Mr Justice Carr has only been sitting as a full time judge for just over a month and yet in his decision of 16 November 2015, he has already produced what this author considers to be a sensible, but thought-provoking judgment that is readable and comparatively concise.
The case involved a challenge by the well-known generics company, Actavis to a patent owned by Eli Lilly with Swiss type claims to the use of tomoxetine in the manufacture of a medicament for treating attention-deficit/hyperactivity disorder (ADHD). Tomoxetine is the active ingredient in Lilly’s Strattera medicine which is commercially successful in the UK. The patent was challenged on numerous bases including lack of inventive step over two cited pieces of prior art, lack of plausibility leading to a finding of obviousness or insufficiency on the basis of lack of technical contribution and lack of entitlement to priority plus intervening prior art.
Ultimately, the Judge dismissed Actavis’ challenge and found the patent valid. Lilly’s counterclaim for threatened infringement succeeded.
Carr J’s discussion on the issue of inventive step is noteworthy. The Judge reminded himself of the fact that the assessment of this issue is multi-factorial and that attention must be focused on the claimed invention. He added a colourful quotation from Jacob LJ in the Ultraframe case from 2005 that: “Before the court gets to the examination room it has to do some swotting: to get into its mind the relevant knowledge of the skilled man. For how a document will be understood depends on the reader.” Carr J also commented on the so-called “obvious to try” test and its significant limitations. Overall, it was considered that the cited prior art did not render the invention obvious.
Although the discussion on inventive step over the prior art was interesting, it was eclipsed by the commentary on plausibility. On this issue, the relevant facts were that Lilly’s patent under challenge disclosed for the first time that tomoxetine was effective in the treatment of ADHD. It disclosed the mechanism of action of tomoxetine as a norepinephrine reuptake inhibitor and cited a relevant paper in support. However no data were present in the patent to support the assertions of safety or efficacy.
Actavis contended that there was a squeeze between lack of inventive step and lack of plausibility. It alleged that the patent contained no more than a bald assertion that tomoxetine was effective and safe for the treatment of ADHD. It claimed that insofar as the patent disclosed a theory to support that assertion, it was known from the prior art. Such a line of attack has become increasingly common in the English Patents Court and on some occasions, the challenges have been successful.
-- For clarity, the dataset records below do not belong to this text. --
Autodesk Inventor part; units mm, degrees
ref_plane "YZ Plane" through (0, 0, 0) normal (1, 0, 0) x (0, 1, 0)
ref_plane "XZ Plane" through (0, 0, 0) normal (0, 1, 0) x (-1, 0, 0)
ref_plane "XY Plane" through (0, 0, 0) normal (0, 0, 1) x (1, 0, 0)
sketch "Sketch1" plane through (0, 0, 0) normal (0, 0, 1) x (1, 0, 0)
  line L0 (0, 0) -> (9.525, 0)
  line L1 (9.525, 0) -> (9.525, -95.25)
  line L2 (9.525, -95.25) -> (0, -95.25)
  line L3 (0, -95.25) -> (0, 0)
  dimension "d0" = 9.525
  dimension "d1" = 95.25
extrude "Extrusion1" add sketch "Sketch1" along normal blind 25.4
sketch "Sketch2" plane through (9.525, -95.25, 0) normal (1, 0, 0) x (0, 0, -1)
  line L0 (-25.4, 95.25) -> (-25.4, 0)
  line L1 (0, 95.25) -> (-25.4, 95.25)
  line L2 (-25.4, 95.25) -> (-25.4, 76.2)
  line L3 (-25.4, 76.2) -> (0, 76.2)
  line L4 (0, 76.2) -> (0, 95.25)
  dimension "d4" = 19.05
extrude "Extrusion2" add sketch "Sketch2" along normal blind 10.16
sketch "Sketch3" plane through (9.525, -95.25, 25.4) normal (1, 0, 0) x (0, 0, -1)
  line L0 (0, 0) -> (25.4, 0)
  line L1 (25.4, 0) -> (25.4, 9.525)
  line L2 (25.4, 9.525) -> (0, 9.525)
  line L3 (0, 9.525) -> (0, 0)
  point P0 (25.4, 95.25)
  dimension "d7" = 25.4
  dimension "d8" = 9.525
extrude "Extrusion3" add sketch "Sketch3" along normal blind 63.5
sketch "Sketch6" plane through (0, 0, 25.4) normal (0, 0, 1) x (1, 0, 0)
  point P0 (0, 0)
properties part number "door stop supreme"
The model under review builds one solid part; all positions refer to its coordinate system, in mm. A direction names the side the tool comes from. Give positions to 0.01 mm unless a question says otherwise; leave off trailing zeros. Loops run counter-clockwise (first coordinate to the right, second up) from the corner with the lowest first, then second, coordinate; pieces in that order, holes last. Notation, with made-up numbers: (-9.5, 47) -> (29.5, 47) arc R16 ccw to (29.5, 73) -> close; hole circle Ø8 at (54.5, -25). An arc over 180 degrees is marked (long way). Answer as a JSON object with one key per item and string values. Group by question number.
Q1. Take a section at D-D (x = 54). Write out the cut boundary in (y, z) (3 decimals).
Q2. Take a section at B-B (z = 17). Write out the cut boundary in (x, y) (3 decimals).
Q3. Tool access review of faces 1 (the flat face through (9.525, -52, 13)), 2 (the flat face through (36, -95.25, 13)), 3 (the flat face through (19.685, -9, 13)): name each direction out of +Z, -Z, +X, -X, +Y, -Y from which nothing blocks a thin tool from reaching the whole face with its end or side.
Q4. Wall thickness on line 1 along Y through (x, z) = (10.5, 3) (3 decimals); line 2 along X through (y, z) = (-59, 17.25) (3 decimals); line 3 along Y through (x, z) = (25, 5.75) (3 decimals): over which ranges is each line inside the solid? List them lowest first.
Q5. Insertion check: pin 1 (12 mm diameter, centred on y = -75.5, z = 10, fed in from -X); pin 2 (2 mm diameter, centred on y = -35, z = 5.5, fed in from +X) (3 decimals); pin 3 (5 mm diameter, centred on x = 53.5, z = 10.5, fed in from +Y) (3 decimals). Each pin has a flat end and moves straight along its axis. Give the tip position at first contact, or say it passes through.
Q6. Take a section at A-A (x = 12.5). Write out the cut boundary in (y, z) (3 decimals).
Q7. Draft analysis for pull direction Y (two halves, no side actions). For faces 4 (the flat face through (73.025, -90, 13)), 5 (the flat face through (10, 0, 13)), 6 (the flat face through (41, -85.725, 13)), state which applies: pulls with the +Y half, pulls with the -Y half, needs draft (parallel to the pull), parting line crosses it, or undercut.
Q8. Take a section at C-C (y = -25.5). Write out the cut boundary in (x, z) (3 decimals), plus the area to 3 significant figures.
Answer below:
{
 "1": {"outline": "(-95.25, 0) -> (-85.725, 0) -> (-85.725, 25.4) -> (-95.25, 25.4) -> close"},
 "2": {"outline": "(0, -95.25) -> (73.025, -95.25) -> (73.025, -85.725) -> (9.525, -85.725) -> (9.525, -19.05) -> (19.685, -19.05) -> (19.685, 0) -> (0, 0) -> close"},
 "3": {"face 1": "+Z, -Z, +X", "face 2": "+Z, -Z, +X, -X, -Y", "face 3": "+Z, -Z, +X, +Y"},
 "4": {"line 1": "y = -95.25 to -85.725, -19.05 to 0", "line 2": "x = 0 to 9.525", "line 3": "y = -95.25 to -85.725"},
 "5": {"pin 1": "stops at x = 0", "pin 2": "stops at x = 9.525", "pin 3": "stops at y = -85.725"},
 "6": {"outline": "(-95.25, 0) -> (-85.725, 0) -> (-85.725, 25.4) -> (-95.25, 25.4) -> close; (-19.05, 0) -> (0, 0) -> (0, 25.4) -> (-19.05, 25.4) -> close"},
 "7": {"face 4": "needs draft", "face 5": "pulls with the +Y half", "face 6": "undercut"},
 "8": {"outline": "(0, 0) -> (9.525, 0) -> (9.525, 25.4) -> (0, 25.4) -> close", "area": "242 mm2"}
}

However, Carr J took the opportunity to emphasise that plausibility challenges must be kept under control. He noted:
“There is no requirement in the EPC that a patent should contain data or experimental proof to support its claims. The reference in Salk (T609/02) to the provision of experimental tests to support the claimed therapeutic use was by way of example. In respect of claims to therapeutic applications which are of wide scope, such experimental tests may well be required. In the case of narrow claims, they may not be.
In my judgment, the policy considerations underlying plausibility for sufficiency are different from those underlying fair expectation of success for obviousness, which indicates that the standard for assessment of plausibility is not the same as assessment of obviousness. For obviousness, a fair expectation of success is required because, in an empirical art, many routes may be obvious to try, without any real idea of whether they will work. The denial of patent protection based upon the “obvious to try” criterion alone would provide insufficient incentive for research and development in, for example, pharmaceuticals and biotechnology, and would lead to the conclusion that a research program of uncertain outcome would deprive a patent of inventive step. The reason why the court requires that the invention of a patent should be plausible is different. It is to exclude speculative patents, based on mere assertion, where there is no real reason to suppose that the assertion is true.
The cases on which Lilly relies (to which I have referred above) establish that the test of plausibility is a threshold test which is satisfied by a disclosure which is “credible”, as opposed to speculative. That disclosure may be confirmed or refuted by further evidence obtained subsequent to the priority date. If it is subsequently shown that the invention does not work with substantially all of the products or methods falling within the scope of the claim then the scope of the monopoly will exceed the technical contribution and the patent will be invalid. This indicates why plausibility is only a threshold test. A plausible invention may nonetheless be shown to be insufficient. In my judgment the standard for assessment of plausibility is not the same the standard for assessment of expectation of success in the context of obviousness.”
In the author’s personal view, this clarification is to be welcomed. There was a danger of plausibility taking on a life of its own and assuming a level of importance that was probably not intended by the House of Lords in Conor v Angiotech . Carr J’s approach is much more aligned with the EPO approach as demonstrated in e.g. T578/06 (Ipsen) and makes it clear that the assessment for plausibility is not the same as that for expectations of success in obviousness – the former is a much lower hurdle.
As noted at the start of this short commentary, this is one of the first judgments from the English Patents Court’s most recently appointed judge. Let’s hope it is a taste of what is to come.